* [TASK INSTRUCTIONS]
Exactly the line with "And the pole (853,442,857,476)." and the lines that follow it, through the closing line of the entries, should be restated, with nothing left out or added.

Stored items
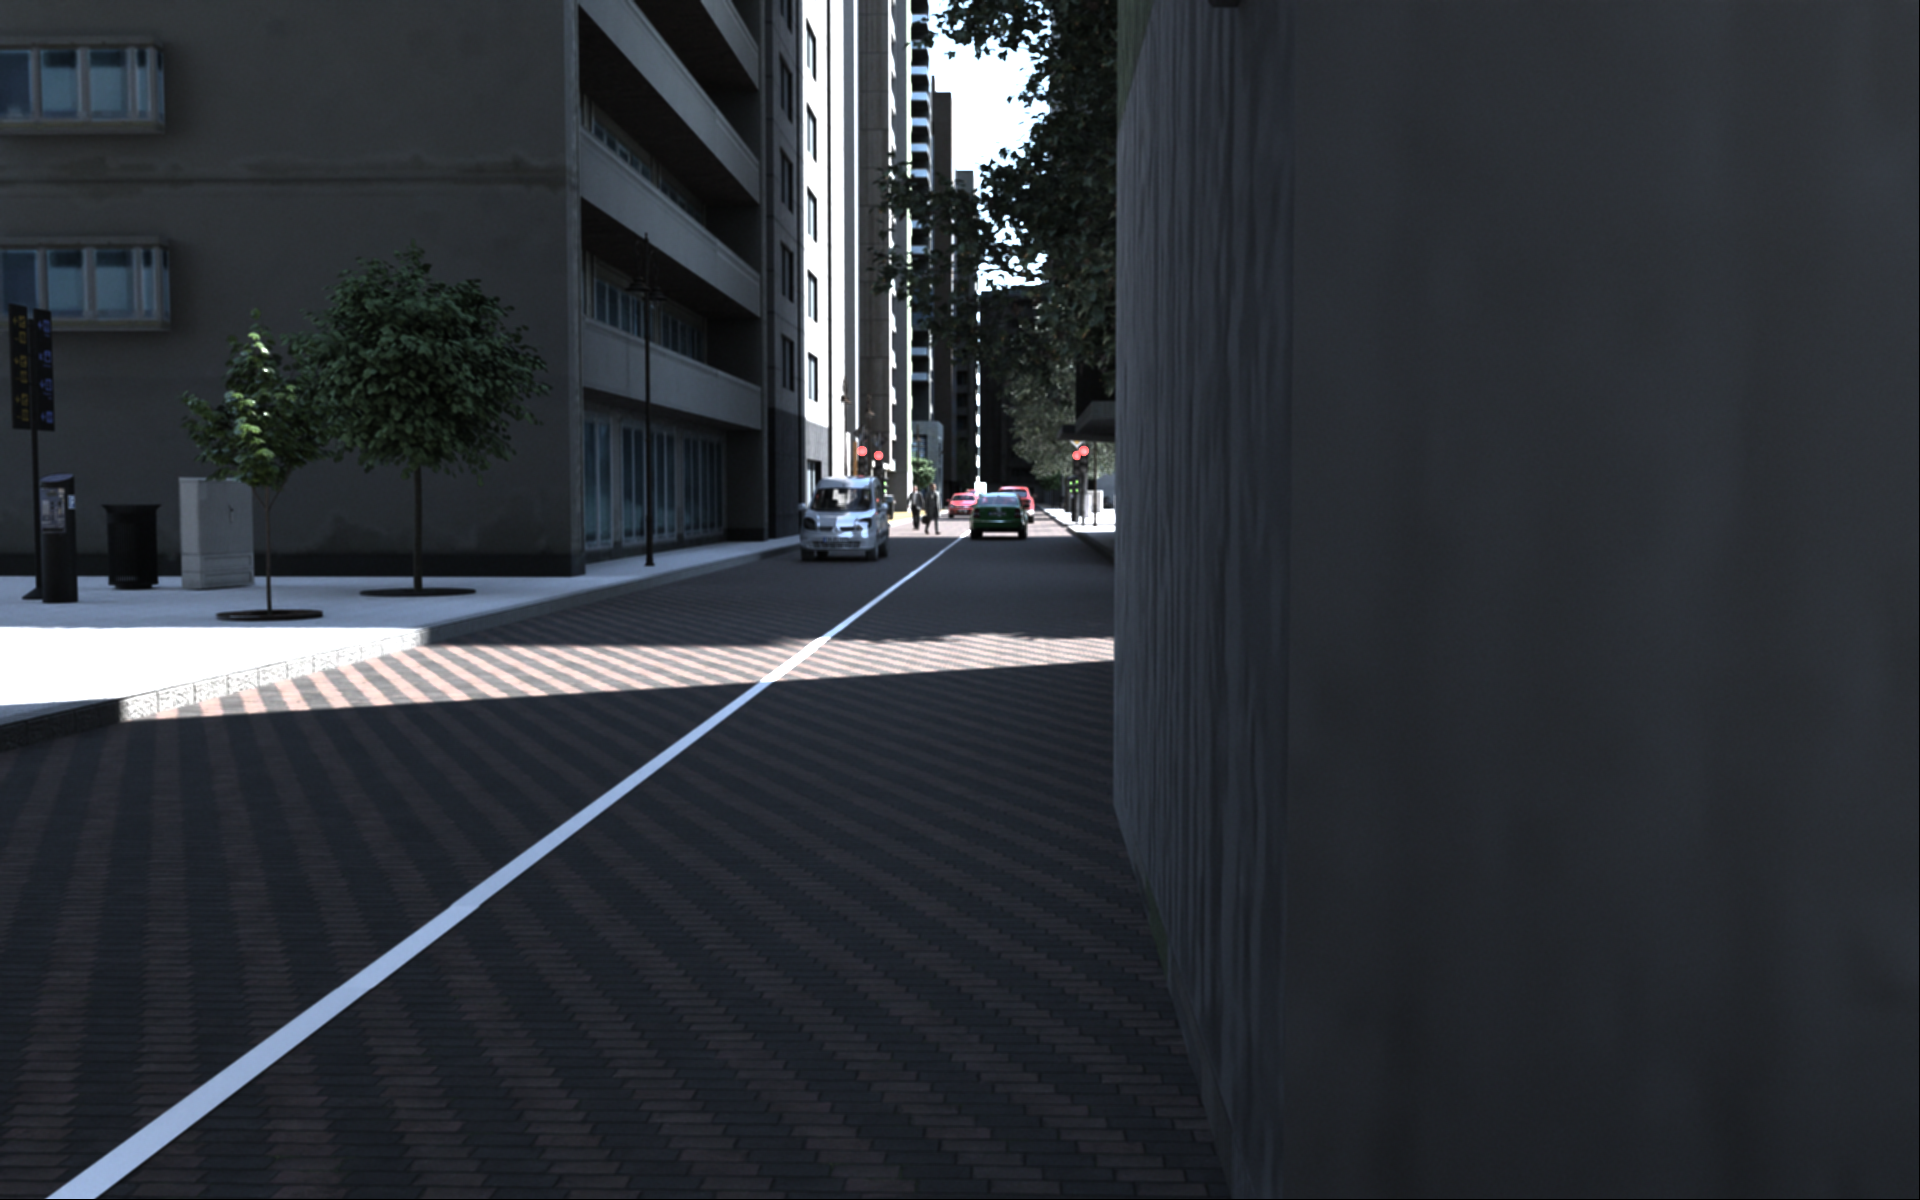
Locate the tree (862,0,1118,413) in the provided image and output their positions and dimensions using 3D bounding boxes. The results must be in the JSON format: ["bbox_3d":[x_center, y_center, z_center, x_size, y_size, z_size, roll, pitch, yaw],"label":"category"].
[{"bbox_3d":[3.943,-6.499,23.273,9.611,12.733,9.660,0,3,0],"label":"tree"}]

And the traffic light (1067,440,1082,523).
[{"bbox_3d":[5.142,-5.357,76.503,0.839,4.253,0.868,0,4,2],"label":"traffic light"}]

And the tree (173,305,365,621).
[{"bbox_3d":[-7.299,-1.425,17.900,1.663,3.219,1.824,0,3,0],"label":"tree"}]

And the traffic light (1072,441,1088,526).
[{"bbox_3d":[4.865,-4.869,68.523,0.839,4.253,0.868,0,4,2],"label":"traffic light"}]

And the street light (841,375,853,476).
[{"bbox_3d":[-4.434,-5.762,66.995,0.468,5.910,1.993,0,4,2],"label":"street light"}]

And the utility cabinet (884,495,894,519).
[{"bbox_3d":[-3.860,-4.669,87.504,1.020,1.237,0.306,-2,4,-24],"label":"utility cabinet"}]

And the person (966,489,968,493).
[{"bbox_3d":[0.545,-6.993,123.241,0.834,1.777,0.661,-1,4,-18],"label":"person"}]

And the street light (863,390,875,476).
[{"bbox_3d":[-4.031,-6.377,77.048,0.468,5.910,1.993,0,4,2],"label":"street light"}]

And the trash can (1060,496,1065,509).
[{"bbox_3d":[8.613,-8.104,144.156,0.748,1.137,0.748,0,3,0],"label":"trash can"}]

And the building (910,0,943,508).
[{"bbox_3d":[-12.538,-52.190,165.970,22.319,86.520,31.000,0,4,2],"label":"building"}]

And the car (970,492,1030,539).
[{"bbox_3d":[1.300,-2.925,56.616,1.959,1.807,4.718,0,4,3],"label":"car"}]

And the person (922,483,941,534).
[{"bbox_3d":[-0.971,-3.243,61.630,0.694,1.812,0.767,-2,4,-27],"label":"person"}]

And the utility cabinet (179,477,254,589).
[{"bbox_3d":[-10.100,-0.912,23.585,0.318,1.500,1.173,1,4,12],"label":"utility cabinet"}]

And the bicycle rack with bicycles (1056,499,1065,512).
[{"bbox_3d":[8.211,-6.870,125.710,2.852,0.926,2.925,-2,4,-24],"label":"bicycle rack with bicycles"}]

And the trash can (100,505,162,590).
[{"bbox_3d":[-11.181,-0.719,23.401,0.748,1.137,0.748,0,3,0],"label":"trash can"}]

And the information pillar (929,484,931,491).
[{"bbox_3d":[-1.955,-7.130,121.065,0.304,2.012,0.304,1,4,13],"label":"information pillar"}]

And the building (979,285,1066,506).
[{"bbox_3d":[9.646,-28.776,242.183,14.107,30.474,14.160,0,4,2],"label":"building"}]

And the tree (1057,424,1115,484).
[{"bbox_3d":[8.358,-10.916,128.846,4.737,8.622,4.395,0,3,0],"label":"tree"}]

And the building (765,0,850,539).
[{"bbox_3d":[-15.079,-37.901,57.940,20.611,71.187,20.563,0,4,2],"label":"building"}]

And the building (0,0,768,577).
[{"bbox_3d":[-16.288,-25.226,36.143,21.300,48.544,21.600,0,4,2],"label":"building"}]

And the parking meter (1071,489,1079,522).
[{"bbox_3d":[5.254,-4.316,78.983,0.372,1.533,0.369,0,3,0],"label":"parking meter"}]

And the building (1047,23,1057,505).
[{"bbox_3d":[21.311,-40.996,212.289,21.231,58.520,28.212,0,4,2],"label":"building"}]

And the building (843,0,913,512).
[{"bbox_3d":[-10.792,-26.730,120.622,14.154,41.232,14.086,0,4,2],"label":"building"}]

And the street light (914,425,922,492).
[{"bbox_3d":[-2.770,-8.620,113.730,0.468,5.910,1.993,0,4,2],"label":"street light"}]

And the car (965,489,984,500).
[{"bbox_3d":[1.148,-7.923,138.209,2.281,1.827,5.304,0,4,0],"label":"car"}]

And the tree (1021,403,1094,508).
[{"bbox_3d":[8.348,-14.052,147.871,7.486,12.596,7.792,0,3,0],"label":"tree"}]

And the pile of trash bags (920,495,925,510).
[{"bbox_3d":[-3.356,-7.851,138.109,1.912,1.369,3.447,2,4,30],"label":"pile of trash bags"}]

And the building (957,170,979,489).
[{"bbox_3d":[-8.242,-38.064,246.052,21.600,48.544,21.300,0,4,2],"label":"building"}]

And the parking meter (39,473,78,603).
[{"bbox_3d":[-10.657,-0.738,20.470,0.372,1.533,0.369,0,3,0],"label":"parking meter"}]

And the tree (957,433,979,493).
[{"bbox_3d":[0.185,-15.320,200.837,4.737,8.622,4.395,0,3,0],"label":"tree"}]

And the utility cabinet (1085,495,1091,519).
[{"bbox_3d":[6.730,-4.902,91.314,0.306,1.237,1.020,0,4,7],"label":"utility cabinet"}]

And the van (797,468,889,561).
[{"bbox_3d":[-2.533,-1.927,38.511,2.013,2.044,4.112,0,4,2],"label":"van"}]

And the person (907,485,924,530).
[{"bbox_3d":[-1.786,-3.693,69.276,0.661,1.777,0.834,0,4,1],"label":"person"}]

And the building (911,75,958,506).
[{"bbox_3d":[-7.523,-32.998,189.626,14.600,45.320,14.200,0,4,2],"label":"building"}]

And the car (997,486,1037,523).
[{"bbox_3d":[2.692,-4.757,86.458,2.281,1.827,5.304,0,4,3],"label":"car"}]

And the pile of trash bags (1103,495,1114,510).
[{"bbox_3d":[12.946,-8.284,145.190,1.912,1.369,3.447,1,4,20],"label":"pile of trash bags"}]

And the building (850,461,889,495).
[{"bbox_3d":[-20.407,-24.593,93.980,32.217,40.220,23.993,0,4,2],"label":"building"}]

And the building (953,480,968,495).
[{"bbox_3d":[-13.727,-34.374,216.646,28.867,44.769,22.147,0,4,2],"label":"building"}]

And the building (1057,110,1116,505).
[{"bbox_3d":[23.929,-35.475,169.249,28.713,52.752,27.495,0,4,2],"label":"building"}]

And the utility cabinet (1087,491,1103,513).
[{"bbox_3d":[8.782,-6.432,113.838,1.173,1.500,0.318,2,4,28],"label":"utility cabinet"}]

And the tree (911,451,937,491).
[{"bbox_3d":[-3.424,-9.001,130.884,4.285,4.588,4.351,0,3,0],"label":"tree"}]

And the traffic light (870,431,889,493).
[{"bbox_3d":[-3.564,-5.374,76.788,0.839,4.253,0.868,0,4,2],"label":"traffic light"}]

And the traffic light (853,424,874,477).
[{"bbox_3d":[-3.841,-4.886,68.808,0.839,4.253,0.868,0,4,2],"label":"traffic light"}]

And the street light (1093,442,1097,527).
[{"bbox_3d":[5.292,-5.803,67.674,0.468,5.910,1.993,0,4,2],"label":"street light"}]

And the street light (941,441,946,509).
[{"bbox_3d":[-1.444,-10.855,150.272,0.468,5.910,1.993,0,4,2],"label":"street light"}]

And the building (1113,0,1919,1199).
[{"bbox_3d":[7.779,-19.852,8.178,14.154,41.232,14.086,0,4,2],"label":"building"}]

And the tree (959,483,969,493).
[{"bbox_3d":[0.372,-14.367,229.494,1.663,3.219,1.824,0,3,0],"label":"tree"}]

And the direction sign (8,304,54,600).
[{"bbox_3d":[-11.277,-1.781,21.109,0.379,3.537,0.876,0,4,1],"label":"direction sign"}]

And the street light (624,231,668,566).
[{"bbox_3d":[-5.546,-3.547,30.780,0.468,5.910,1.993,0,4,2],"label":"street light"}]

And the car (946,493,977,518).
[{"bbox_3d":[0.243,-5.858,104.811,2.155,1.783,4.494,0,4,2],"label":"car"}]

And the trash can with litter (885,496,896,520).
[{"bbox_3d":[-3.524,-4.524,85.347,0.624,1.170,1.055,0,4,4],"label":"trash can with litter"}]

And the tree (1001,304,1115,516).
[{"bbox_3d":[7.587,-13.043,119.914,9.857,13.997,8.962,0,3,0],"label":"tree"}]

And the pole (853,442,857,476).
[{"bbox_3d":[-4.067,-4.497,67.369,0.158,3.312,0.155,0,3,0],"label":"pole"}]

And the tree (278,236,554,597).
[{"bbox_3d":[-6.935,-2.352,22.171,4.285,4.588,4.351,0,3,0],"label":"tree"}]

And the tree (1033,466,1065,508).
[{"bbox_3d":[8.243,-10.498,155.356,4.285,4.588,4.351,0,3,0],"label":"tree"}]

* [EXERCISE ANSWER]
And the pole (853,442,857,476).
[{"bbox_3d":[-4.067,-4.497,67.369,0.158,3.312,0.155,0,3,0],"label":"pole"}]

And the tree (278,236,554,597).
[{"bbox_3d":[-6.935,-2.352,22.171,4.285,4.588,4.351,0,3,0],"label":"tree"}]

And the tree (1033,466,1065,508).
[{"bbox_3d":[8.243,-10.498,155.356,4.285,4.588,4.351,0,3,0],"label":"tree"}]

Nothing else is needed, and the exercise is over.